Implantation occurs about 6-10 after conception. Chorionic villi develop out of the trophoblast which allow for it to attach to the blood filled spaces of the endometrium.
This usually occurs in the anterior or posterior fundal region.
When is the most dangerous time for the fetus in relation to development?
The embryonic stage (day 15 -8 weeks). Up until about 12 weeks is the highly sensitive period for organ development.
What is the function of the amniotic fluid?
The amniotic fluid is derived through diffusion of the mothers blood and from urine of the fetus.
Normal amniotic fluid levels are: 800-1200ml
<300 ml (olighydramnios) renal abnormalities
>2 L (hydramnios) GI abnormalities
Functions of the amniotic fluid:
- maintain body temp
- oral fluid and repository for waste
- freedom of movement
- keeps fetus from tangling
What is the function of the placenta?
Maternal-placental-embryonic circulation is in place by day 17, when the heart begins to beat.
- Maternal blood supplies oxygen and nutrients
- Waste products and CO2 diffuse into the maternal blood
- Endocrine gland: produces hormones that maintain pregnancy
- Storage of nutrients for fetal needs (carbs, proteins, calcium, iron)
How many veins and arteries does the umbilical cord contain? Which is carrying oxygenated blood from the mom to the fetus?
2 arteries – carry blood back to the placenta
1 vein – supplies blood to the embryo
What is the difference between dizygotic twins and monozygotic twins?
Dizogotic: 2 ova, 2 amnions, 2 placenta, fraternal, do not look alike
Monozygotic: 1 ova which divides, same sex, same genotype
When does the fetal heart begin to beat?
The fetal heart will begin to beat by the 3rd week. It will develop into 4 chambers by the 4th – 5th week.
When is it possible to tell sex of the fetus?
When are respiratory movements seen for the first time?
Respiratory development occurs between 4 – 17 weeks.

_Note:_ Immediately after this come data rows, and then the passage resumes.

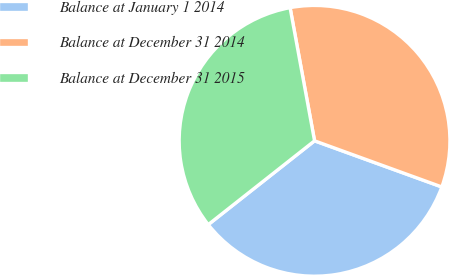<chart> <loc_0><loc_0><loc_500><loc_500><pie_chart><fcel>Balance at January 1 2014<fcel>Balance at December 31 2014<fcel>Balance at December 31 2015<nl><fcel>33.84%<fcel>33.43%<fcel>32.73%<nl></chart> 
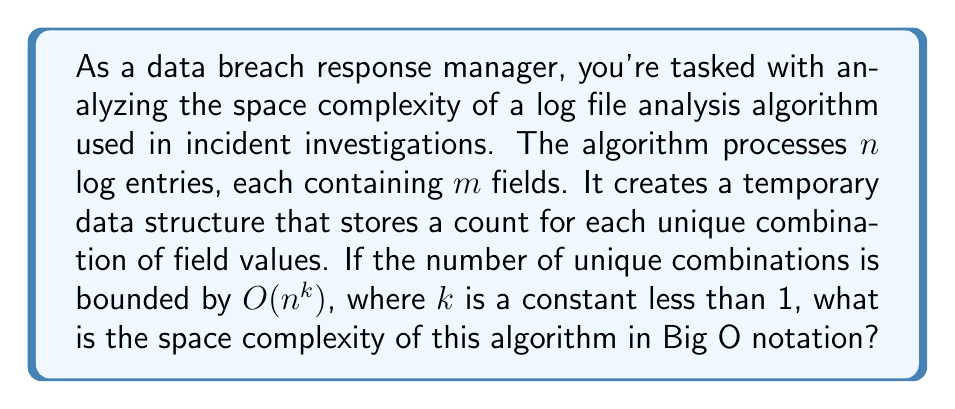Show me your answer to this math problem. To determine the space complexity of this algorithm, let's break down the problem and analyze it step by step:

1. Input size:
   - There are $n$ log entries
   - Each entry has $m$ fields

2. Temporary data structure:
   - Stores counts for unique combinations of field values
   - The number of unique combinations is bounded by $O(n^k)$, where $k < 1$

3. Space required for each combination:
   - We need to store the field values and the count
   - Field values: $O(m)$ space (assuming constant space for each field value)
   - Count: $O(1)$ space
   - Total space per combination: $O(m + 1) = O(m)$

4. Total space complexity:
   - Number of combinations: $O(n^k)$
   - Space per combination: $O(m)$
   - Total space: $O(n^k) \cdot O(m) = O(n^k m)$

5. Simplification:
   - Since $k < 1$, $n^k$ grows slower than $n$
   - The space complexity is dominated by $n^k m$

Therefore, the space complexity of the algorithm is $O(n^k m)$, where $k < 1$.

This analysis is crucial for a data breach response manager to understand the resource requirements of log analysis tools used in incident investigations, especially when dealing with large-scale breaches involving massive log files.
Answer: $O(n^k m)$, where $k < 1$

Movements can be seen via ultrasound as early as 11 weeks.
When is the L/S ratio 2:1?
These are two important alveolar surfactants. Once the ratio between the two is 2:1 it is an indication that the fetal lungs have matured to a sufficient point. This occurs around week 35.
When can the baby hear?
The baby will begin to respond to external sounds as early as 24 weeks.
Resources: Maternity Nursing 7th edition. Lowdermilk & Perry. Mosby Elsevier Publishing.